Seguramente, una de las experiencias más curiosas que he podido disfrutar durante mis viajes por el mundo ha sido flotar en el Mar Muerto. Lo he hecho dos veces, una en cada orilla.

La primera, en el lado jordano. Y el recuerdo que tengo es imborrable. Maravilloso. Fue un viaje muy especial a Jordania. El viaje en el que nació minube.tv. El primero de los muchos viajes que hice con Juan Luis Polo (cuánto echo de menos las conversaciones que teníamos por entonces y cuánto he podido aprender de él).

Y el recuerdo que tengo de aquel atardecer es mágico. De esos que se quedan almacenados en la retina para siempre. He de reconocer que el resort en el que estábamos alojados, en primera línea de playa, era perfecto para poder disfrutar de aquello como merecía. Pero recuerdo todo el proceso del baño como si estuviera allí mismo. Porque, sí, es un mar. Y, sí, es una playa. Pero ni la playa ni el mar son normales. Y uno se da cuenta de eso cuando está allí dispuesto a sumergirse (o no) en esas aguas tan únicas.

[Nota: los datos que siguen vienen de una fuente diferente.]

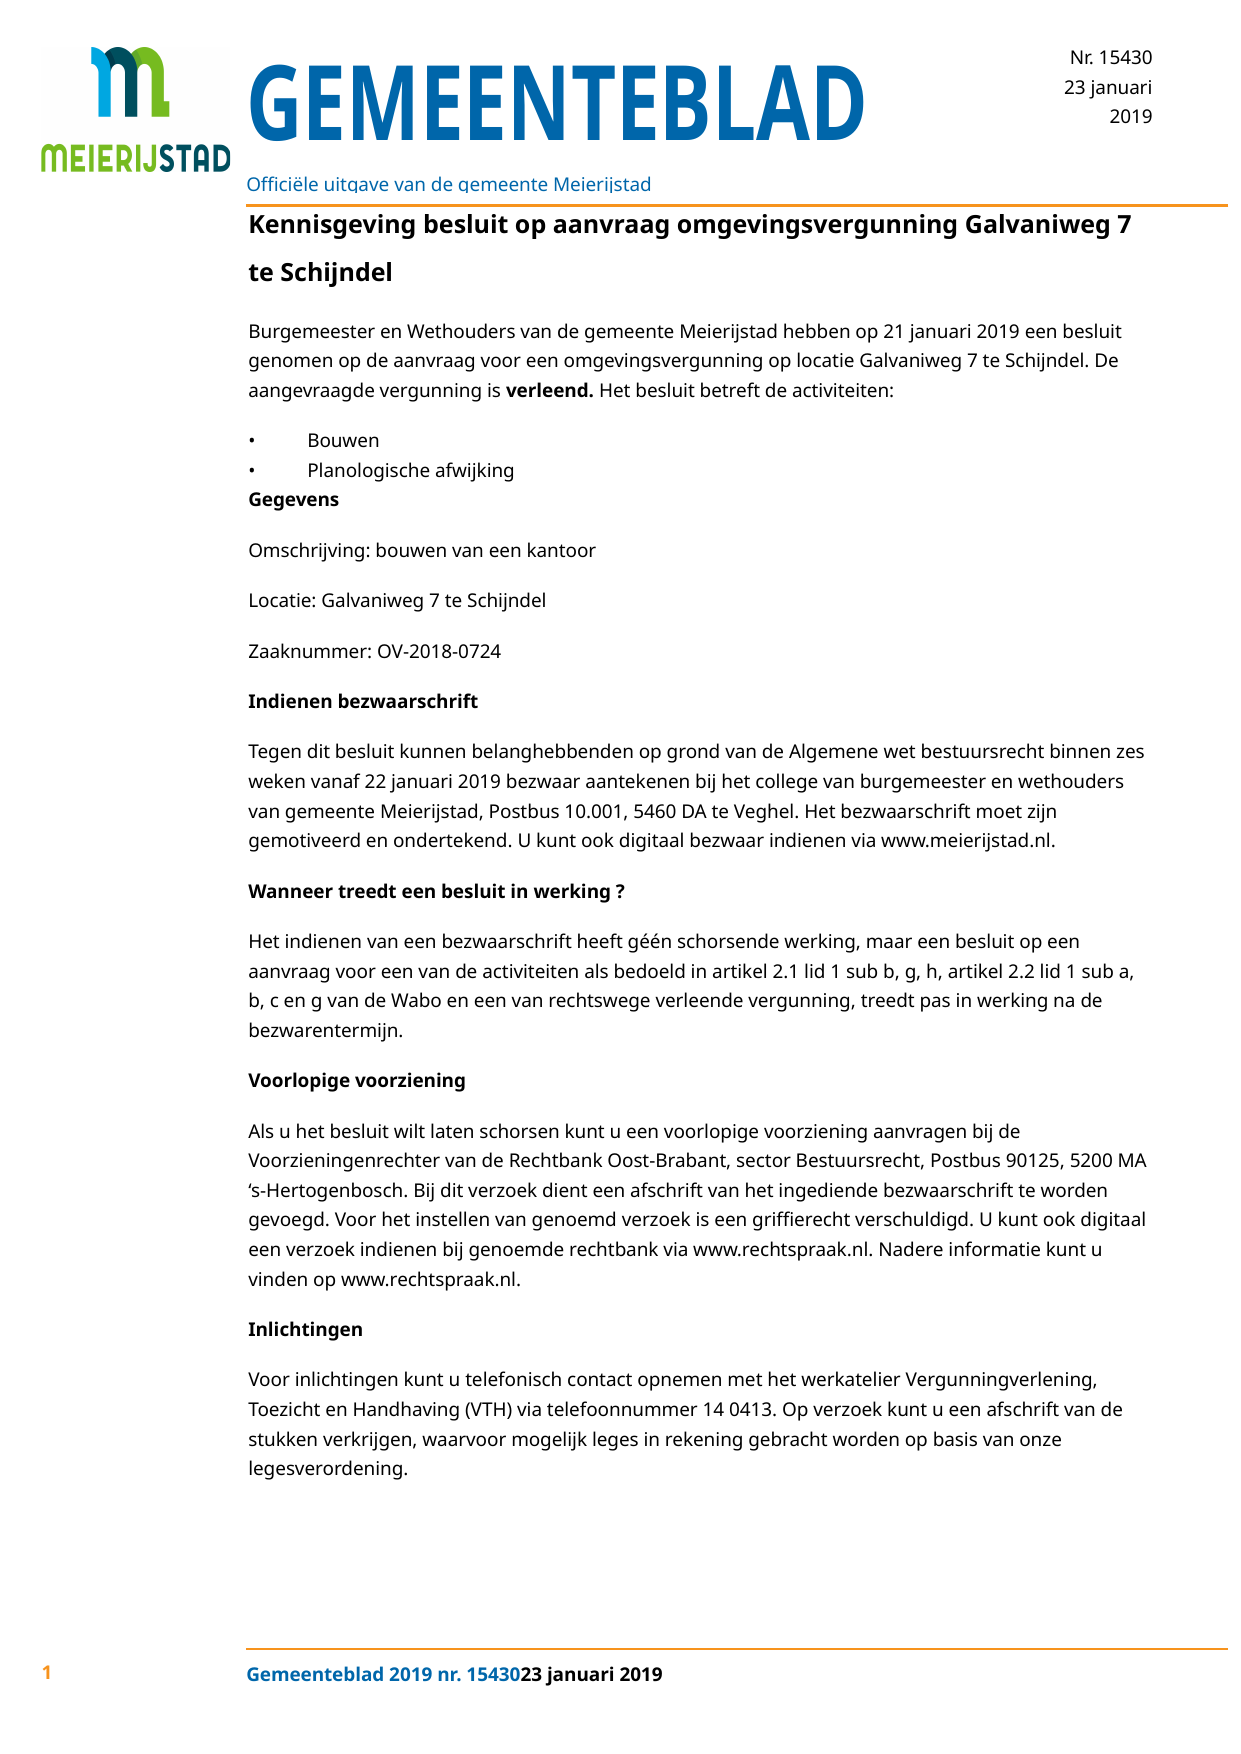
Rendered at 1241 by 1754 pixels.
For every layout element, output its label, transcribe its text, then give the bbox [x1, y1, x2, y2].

El sol se pone justo del lado israelita, por lo que el atardecer desde el lado jordano es absolutamente fascinante. Y el baño… Al principio, la verdad, es raro. El «tacto» del agua es extraño. Aceitoso. Oloroso. Diferente. Y da cierta cosa dejarse caer y darse un buen chapuzón. Pero en cuanto te metes, la sensación es buenísima. Es relajante. Y, claro, el hecho de flotar hace que sea algo especial. Porque, sí, por supuesto, se flota. Se flota totalmente. Yo no leí el periódico (clásica escena del turista) porque tampoco lo tenía a mano, pero doy fe. Se flota.

Y, a la salida, se nota algo en la piel. Las aguas del Mar Muerto tienen propiedades, y la verdad es que reconforta. Pringa, pero reconforta.

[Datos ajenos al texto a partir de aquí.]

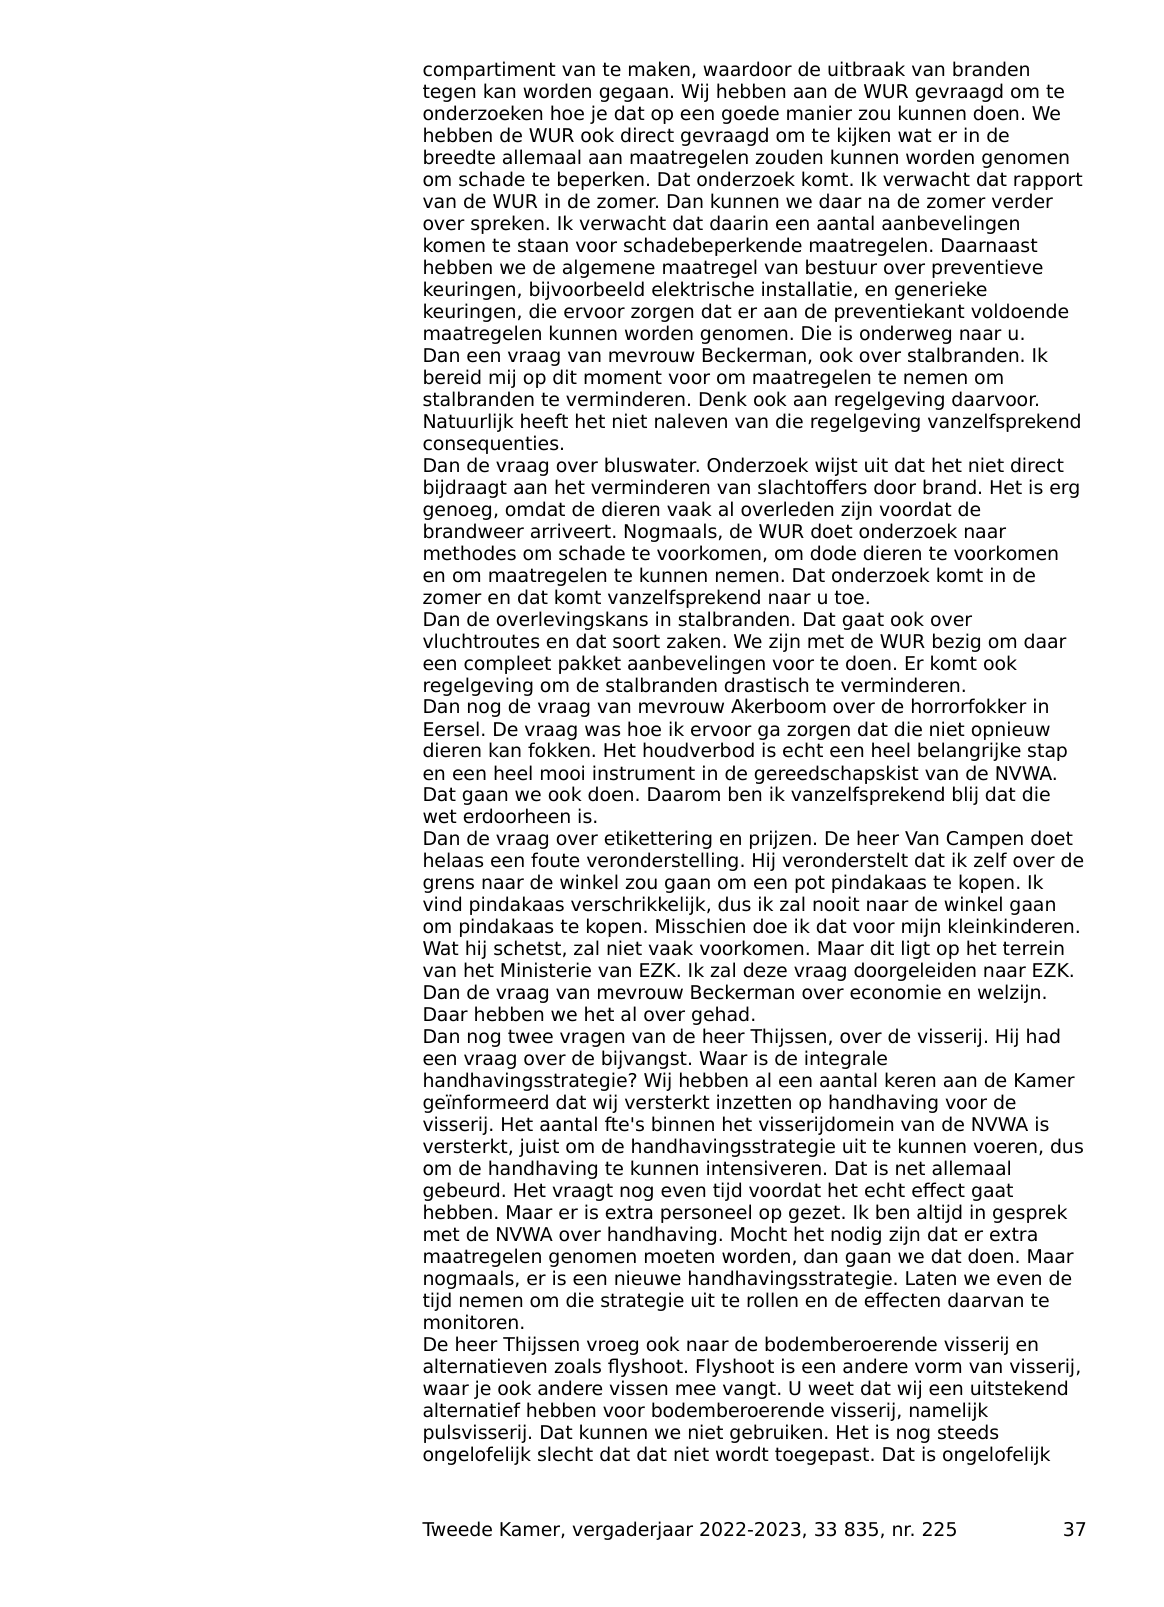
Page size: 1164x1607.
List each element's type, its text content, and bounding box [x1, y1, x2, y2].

Mi segunda experiencia, como comentaba al principio, fue en la otra orilla y fue hace menos tiempo. El pasado año. En Israel. También fue durante un viaje muy entretenido. El baño, si bien fue placentero, he de reconocer que no fue tan mágico como el del otro lado. Seguramente, porque no era la primera vez, porque el sol se ponía por detrás y no era tan bonito, porque el hotel no era tan fabuloso y porque, siendo sinceros, la orilla israelita (al menos la que yo conocí) no está tan bien acondicionada. Ojo, aún así, la experiencia merece mucho la pena si visitas Israel.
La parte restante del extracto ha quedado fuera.